Authors: Molina-Viedma, A.J.1 ajmolina@ujaen.es, Felipe-Sesé, L.1, López-Alba, E.1, Díaz, F.1
Source: Mechanical Systems & Signal Processing. Mar2018, Vol. 102, p245-261. 17p.
Subjects: Digital image processing, Camera obscuras, Optical instruments, Motion detectors, Kinetic energy
Abstract: High speed video cameras provide valuable information in dynamic events. Mechanical characterisation has been improved by the interpretation of the behaviour in slow-motion visualisations. In modal analysis, videos contribute to the evaluation of mode shapes but, generally, the motion is too subtle to be interpreted. In latest years, image treatment algorithms have been developed to generate a magnified version of the motion that could be interpreted by naked eye. Nevertheless, optical techniques such as Digital Image Correlation (DIC) are able to provide quantitative information of the motion with higher sensitivity than naked eye.

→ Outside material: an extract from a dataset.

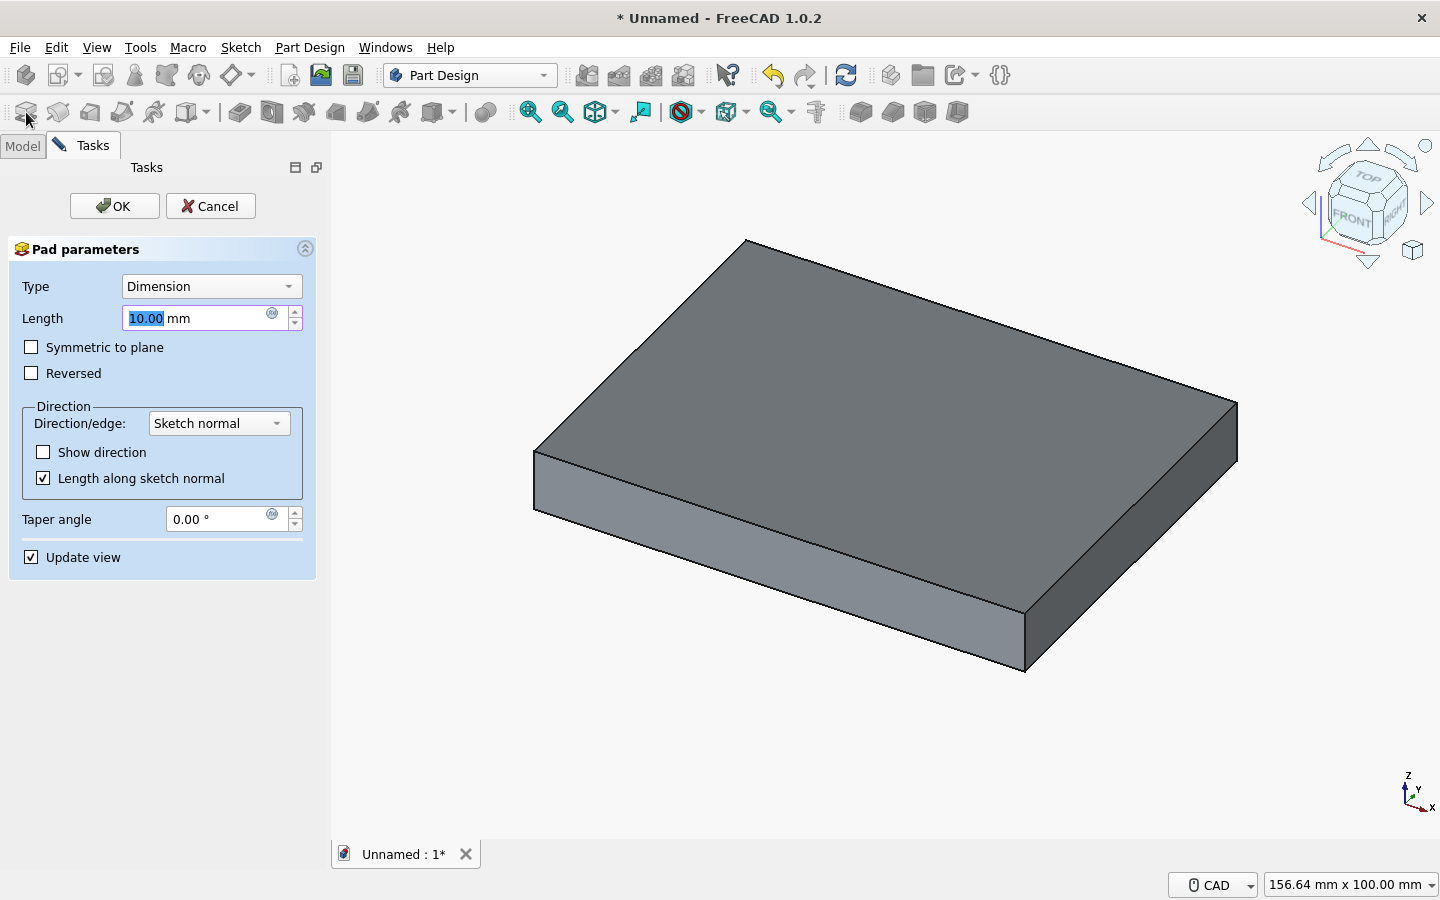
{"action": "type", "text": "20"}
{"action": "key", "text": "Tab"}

For vibration analysis, mode shapes characterisation is one of the most interesting DIC performances. Full-field measurements provide higher spatial density than classical instrumentations or Scanning Laser Doppler Vibrometry. However, the accurateness of DIC is reduced at high frequencies as a consequence of the low displacements and hence it is habitually employed in low frequency spectra. In the current work, the combination of DIC and motion magnification is explored in order to provide numerical information in magnified videos and perform DIC mode shapes characterisation at unprecedented high frequencies through increasing the amplitude of displacements. [ABSTRACT FROM AUTHOR]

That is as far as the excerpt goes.